Assume John, one of your warehouse supervisors, is in an accident and breaks his leg while on vacation. He recovers and returns to work, but he is no longer physically capable of doing the hard lifting he was before capable of. Can he keep playing the same part? If so, does he require a modification to assist him in carrying out his responsibilities? What are your choices if he is unable to continue in the role? You'll need to participate in the interactive process to find out. The first stage in this process is to go over the work's important and marginal functions, which should be identified in his job description.

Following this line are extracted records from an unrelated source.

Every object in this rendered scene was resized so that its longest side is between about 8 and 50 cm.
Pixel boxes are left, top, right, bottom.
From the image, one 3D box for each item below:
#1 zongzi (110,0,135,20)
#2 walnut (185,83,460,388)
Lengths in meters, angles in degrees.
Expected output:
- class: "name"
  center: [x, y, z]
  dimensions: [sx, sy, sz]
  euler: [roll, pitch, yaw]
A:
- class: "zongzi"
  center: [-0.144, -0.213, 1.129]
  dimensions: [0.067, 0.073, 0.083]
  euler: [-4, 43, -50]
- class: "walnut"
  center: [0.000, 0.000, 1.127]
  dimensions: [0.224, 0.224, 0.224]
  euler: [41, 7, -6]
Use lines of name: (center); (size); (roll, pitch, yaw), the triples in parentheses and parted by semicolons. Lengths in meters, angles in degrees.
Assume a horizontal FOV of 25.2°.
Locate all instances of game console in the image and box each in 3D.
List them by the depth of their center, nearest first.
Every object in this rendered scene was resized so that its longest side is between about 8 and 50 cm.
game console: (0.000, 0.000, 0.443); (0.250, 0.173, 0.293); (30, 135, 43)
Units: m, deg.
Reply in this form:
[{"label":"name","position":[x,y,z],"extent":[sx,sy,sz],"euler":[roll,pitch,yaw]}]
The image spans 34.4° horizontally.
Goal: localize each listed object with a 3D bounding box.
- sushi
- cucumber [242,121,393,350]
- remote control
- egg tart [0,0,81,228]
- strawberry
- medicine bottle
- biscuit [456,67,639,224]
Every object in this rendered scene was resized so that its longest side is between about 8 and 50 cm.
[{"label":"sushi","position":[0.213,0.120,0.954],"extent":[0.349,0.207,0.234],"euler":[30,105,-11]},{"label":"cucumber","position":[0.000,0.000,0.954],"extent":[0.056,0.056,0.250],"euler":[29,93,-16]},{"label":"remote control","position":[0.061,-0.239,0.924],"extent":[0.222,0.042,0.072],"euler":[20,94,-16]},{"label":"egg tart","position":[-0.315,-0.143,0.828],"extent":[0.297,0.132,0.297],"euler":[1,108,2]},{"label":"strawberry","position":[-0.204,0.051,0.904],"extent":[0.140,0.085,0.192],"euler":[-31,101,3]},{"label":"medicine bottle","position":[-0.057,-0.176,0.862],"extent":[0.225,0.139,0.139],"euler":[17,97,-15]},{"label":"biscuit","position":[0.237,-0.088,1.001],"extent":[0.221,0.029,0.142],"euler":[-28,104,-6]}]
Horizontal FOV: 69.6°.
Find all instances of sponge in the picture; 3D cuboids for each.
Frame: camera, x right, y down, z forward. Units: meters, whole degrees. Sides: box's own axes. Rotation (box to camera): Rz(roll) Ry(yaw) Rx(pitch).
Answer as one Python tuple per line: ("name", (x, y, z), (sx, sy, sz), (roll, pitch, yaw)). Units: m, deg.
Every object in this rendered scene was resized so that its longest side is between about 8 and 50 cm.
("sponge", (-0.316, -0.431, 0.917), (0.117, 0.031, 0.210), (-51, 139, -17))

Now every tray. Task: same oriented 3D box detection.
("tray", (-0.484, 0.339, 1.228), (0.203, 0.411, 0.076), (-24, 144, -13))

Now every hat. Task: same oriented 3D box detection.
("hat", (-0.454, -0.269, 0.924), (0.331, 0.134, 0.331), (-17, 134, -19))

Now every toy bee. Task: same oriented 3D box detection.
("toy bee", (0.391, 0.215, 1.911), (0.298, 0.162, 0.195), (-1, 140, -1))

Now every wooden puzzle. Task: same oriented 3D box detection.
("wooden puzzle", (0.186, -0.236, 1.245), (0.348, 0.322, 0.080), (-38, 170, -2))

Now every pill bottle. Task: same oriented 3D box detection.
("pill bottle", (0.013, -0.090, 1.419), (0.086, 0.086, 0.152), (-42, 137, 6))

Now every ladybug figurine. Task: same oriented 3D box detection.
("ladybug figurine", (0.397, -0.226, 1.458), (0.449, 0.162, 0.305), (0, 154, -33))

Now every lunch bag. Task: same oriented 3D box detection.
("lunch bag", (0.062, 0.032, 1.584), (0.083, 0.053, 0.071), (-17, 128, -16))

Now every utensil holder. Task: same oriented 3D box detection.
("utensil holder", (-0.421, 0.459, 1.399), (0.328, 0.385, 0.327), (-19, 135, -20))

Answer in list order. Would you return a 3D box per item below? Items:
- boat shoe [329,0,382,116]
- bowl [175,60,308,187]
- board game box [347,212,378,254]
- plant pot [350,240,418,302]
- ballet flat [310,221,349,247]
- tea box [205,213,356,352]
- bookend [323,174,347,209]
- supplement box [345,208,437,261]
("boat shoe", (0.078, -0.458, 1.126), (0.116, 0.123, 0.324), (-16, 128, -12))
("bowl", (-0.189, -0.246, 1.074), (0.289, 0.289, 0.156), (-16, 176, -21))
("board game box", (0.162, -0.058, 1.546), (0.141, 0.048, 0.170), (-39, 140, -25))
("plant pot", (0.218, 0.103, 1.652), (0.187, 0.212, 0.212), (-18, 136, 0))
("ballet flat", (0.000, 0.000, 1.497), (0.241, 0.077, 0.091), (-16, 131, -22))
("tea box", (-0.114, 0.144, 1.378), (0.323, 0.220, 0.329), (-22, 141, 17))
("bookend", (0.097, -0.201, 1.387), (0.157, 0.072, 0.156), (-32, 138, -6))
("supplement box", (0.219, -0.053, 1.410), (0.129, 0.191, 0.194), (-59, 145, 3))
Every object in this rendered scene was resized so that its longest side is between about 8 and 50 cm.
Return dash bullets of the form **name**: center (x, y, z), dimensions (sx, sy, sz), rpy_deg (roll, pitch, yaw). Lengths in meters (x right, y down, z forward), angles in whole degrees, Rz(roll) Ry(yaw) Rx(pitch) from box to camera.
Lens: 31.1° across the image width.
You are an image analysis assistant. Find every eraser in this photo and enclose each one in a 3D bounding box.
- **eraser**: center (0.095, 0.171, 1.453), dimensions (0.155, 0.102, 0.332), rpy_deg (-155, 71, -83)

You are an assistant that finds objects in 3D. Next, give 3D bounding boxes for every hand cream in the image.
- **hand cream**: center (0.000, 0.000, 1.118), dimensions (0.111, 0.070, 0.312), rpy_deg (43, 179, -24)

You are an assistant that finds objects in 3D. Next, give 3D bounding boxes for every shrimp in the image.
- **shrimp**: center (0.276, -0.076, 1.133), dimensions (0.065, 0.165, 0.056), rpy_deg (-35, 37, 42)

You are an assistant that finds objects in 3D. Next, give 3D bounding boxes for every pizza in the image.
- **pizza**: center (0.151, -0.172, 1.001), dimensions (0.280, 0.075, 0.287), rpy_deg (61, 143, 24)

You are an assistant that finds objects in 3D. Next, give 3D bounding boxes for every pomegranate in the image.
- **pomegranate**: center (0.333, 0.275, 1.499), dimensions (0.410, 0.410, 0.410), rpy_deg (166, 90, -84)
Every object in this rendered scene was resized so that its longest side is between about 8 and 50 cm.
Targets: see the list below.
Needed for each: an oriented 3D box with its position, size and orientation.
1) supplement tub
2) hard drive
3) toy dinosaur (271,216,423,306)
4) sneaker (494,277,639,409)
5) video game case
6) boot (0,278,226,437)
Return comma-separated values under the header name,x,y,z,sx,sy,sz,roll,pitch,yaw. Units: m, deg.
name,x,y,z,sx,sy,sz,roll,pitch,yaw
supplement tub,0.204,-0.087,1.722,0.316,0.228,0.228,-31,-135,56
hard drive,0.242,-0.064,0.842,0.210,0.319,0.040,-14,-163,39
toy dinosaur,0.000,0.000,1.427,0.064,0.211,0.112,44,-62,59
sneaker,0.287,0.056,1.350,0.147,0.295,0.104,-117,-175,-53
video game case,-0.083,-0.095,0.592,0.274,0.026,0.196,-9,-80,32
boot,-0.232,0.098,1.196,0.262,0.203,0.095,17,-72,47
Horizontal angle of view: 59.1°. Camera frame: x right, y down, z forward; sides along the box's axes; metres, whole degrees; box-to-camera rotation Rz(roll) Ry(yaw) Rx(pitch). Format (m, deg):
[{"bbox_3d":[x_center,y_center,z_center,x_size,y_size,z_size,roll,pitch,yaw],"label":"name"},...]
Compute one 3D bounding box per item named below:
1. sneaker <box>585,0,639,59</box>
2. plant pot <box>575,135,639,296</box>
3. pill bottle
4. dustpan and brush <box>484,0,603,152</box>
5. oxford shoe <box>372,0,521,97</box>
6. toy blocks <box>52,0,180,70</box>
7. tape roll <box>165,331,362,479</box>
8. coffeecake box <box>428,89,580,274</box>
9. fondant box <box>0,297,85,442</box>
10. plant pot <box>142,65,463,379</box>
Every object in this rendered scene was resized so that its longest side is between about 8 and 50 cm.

When dealing with the Americans with Disabilities Act, understanding exactly what is expected of the employee, including which work responsibilities are essential and which are minor, helps ease an otherwise complicated procedure (ADA). It can also assist determine what a company can provide employees in a situation like John's.
Disregard for education
Investing in your staff' training is a wise investment in the future of your company. By incorporating training into the onboarding process, your employees may become more engaged and understand how to best use their abilities to help your organization.
Employers who invest in training receive an indirect benefit as well: staff who believe they are valuable and capable of accomplishing more for your firm.
Also, keep in mind that it is critical that the employee's performance, including skills and areas of opportunity and improvement, is appropriately reflected in their performance reviews.
Inadequate human resource policies
Don't underestimate the value of an internal HR audit. Set aside time each year to ensure that your HR policies are up to date and complete.
Many companies, for example, do not have a vacation payout policy in their employee handbooks, nor do they have a complaint mechanism or a catastrophe and workplace violence plan in place. As a result, employees who have unused vacation time may be forced to resign. They will likely grumble if they do not know how that time will be addressed ahead of time.
Also, calamity strikes when the unthinkable occurs. You can assist reduce the impact of an incident on your staff and your organization by setting clear rules on how to respond in advance.
A well-planned strategy will help to protect you, your employees, and your customers.
Consider the following questions as you create your strategy:
- Who will be in command?
- What are your standard responses?
- In specific conditions, will you choose to shelter in place or evacuate?
- Do you have an off-site meeting space where individuals can congregate?
- During a disaster, how will you communicate with your employees?
Having policies and processes in place to deal with unexpected situations saves stress, liability, and costs for your company.